To continue to select and reinforce the often less dominant "good use", it is recommended to repeatedly suggest, by thinking to oneself, a tailored series of "Orders" or "Directions." "Giving Directions" is the term for thinking and projecting an anatomically ideal map of how one's body may be used effortlessly. "Directing" is suggestively thought, rather than willfully accomplished, because the physical responses to "Directing" often occur underneath one's ability to perceive.

As freedom of expression or movement is the objective, the most appropriate responses cannot be anticipated, but are observed and chosen in the moment.

Psycho-Physical Unity

Global concepts such as "Psycho-Physical Unity" and "Use" describe how thinking strategies and attention work together during preparation for action.

They connote the general sequence of how intention joins together with execution to directly affect the perception of events and the outcome of intended results.

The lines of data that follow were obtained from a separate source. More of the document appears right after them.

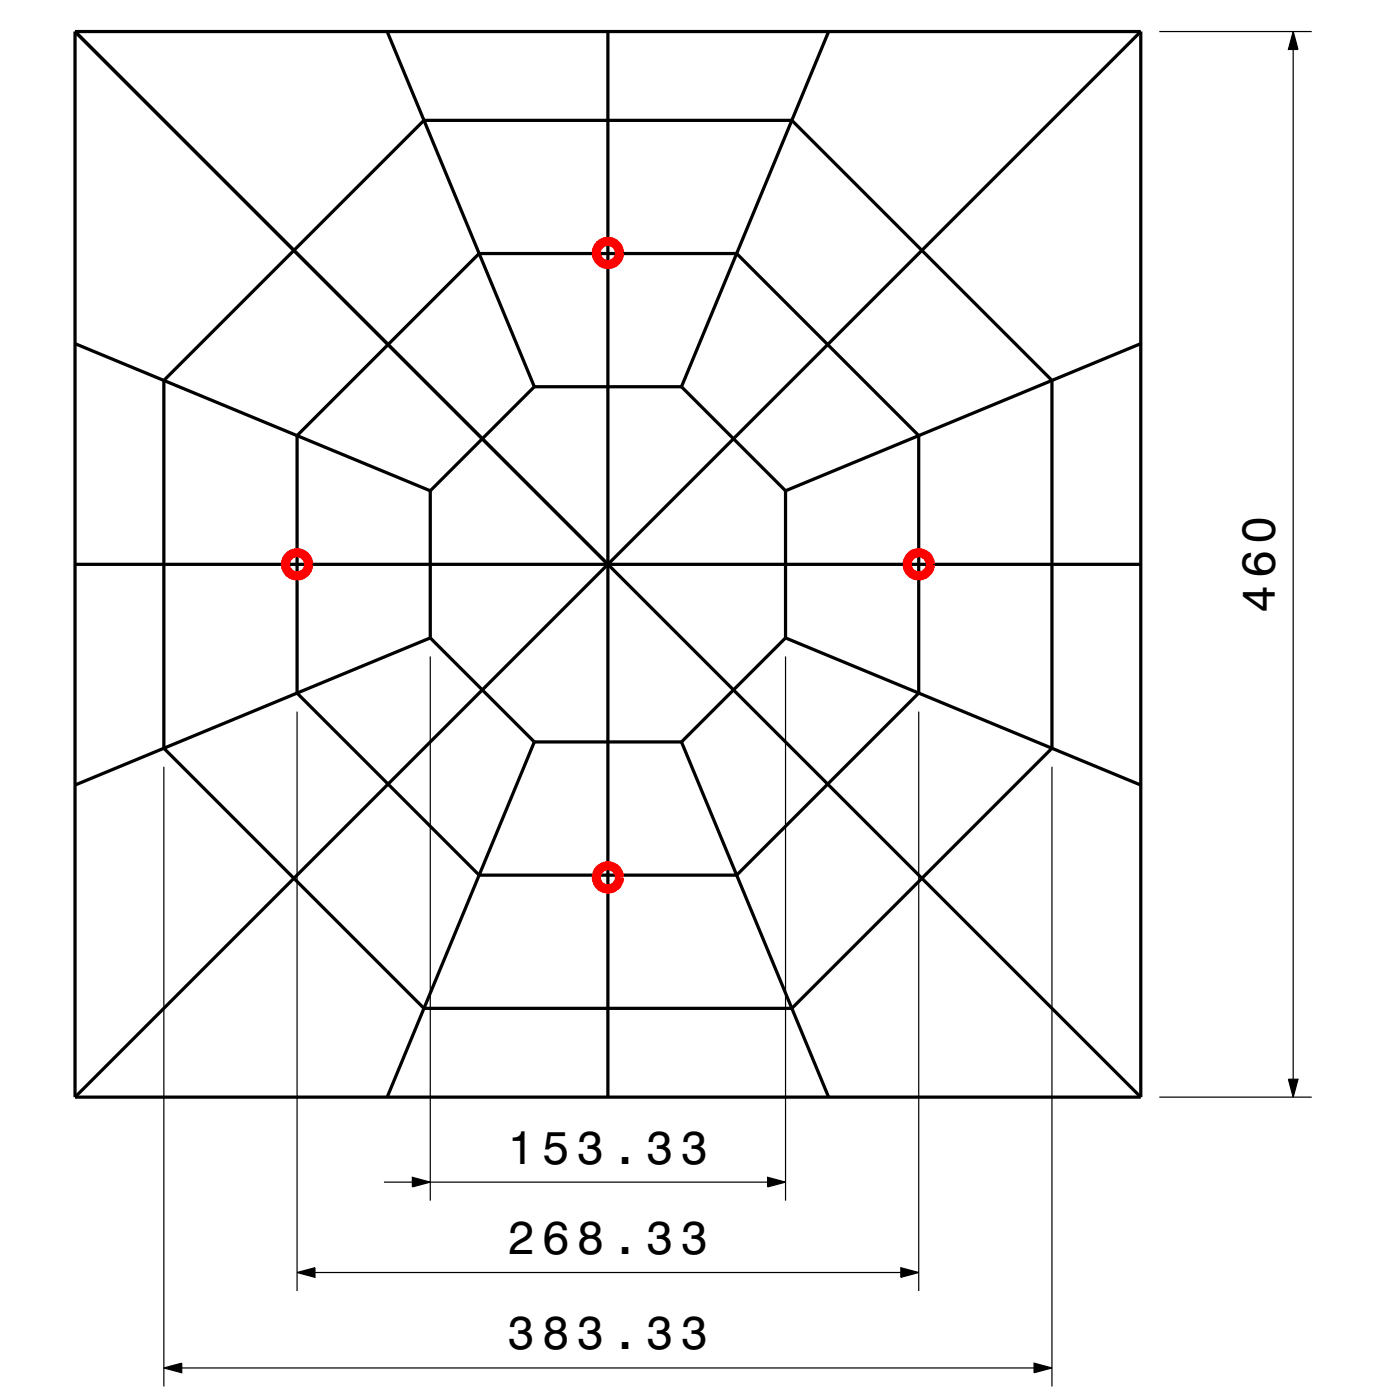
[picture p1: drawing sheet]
<svg xmlns="http://www.w3.org/2000/svg" width="148mm" height="151mm" viewBox="0 0 148 151" stroke-linecap="round" stroke-linejoin="round" font-family="sans-serif">
<defs><g id="words">
<g font-size="5">
<text x="137.5" y="66.2" transform="rotate(-90 137.5 66.2)">460</text>
<text x="54.7" y="125.6">153.33</text>
<text x="54.7" y="135.3">268.33</text>
<text x="54.7" y="145.6">383.33</text>
</g>
</g></defs>
<g fill="none" stroke="#000" stroke-width=".13">
<path d="M125.1 3.4h16.4M139.5 3.4l.6 1.9h-1.1zM139.5 5.3v111.2M32.1 76.8v62.5M46.4 70.8v58.8M84.8 70.8v58.8M99.1 76.8v62.5M17.7 82.8v66.8M113.5 82.8v66.8M125.1 118.4h16.4M139 116.5h1.1l-.6 1.9zM32.1 137.3l1.9-.5v1z"/>
<path d="M34 137.3h63.2M41.4 127.6h3.1M44.5 127.1l1.9 .5-1.9 .5zM46.4 127.6h36.4M82.8 127.1l2 .5-2 .5zM97.2 136.8l1.9 .5-1.9 .5zM17.7 147.6l1.9-.5v1zM19.6 147.6h92M111.6 147.1l1.9 .5-1.9 .5z"/>
</g>
<g fill="none" stroke="#000" stroke-width=".35">
<path d="M8.1 3.4h115M8.1 3.4v115M8.1 3.4l57.5 57.5M41.8 3.4l15.9 38.3M45.7 13h39.7l28.1 28.1v39.7l-28.1 28h-39.7l-28-28v-39.7zM65.6 3.4v115M89.4 3.4l-15.9 38.3M123.1 3.4v115M123.1 3.4l-57.5 57.5M8.1 37.1l38.3 15.9M51.7 27.4h27.8l19.6 19.6v27.8l-19.6 19.6h-27.8l-19.6-19.6v-27.8zM123.1 37.1l-38.3 15.9"/>
<path d="M46.4 53v15.8M57.7 41.7h15.8M57.7 41.7l-11.3 11.3M73.5 41.7l11.3 11.3M84.8 53v15.8M8.1 60.9h115M46.4 68.8l11.3 11.3M46.4 68.8l-38.3 15.9M65.6 60.9l-57.5 57.5M65.6 60.9l57.5 57.5M84.8 68.8l-11.3 11.3M84.8 68.8l38.3 15.9"/>
<path d="M57.7 80.1h15.8M57.7 80.1l-15.9 38.3M73.5 80.1l15.9 38.3M8.1 118.4h115"/>
</g>
<g fill="none" stroke="#f00" stroke-width="1" stroke-linecap="butt">
<circle cx="65.6" cy="27.3" r="1.25"/>
<circle cx="32.1" cy="60.9" r="1.25"/>
<circle cx="99.1" cy="60.9" r="1.25"/>
<circle cx="65.6" cy="94.7" r="1.25"/>
</g>
<g fill="#000">
<path d="M139.5 3.4l.6 1.9h-1.1z" fill-rule="evenodd"/>
<path d="M139 116.5h1.1l-.6 1.9z" fill-rule="evenodd"/>
<path d="M32.1 137.3l1.9-.5v1z" fill-rule="evenodd"/>
<path d="M44.5 127.1l1.9 .5-1.9 .5z" fill-rule="evenodd"/>
<path d="M82.8 127.1l2 .5-2 .5z" fill-rule="evenodd"/>
<path d="M97.2 136.8l1.9 .5-1.9 .5z" fill-rule="evenodd"/>
<path d="M17.7 147.6l1.9-.5v1z" fill-rule="evenodd"/>
<path d="M111.6 147.1l1.9 .5-1.9 .5z" fill-rule="evenodd"/>
</g>
<use href="#words"/>
</svg>

The Alexander Technique is most commonly taught privately in a series of 10 to 40 private lessons which may last from 30 minutes to an hour. Students are often performers, such as actors, dancers, musicians, athletes and public speakers, or people who work on computers, or who are in frequent pain for other reasons. Instructors observe their students, then show them how to hold themselves and move with better poise and less strain. Sessions include chair work and table work, often in front of a mirror, during which the instructor and the student will stand, sit and lie down, moving efficiently while maintaining a correct relationship between the head, neck and spine.

To qualify as a teacher of Alexander Technique, instructors are required to complete at least 1,600 hours, spanning at least three years, of supervised teacher training. The result must be satisfactory to qualified peers to gain membership in professional societies.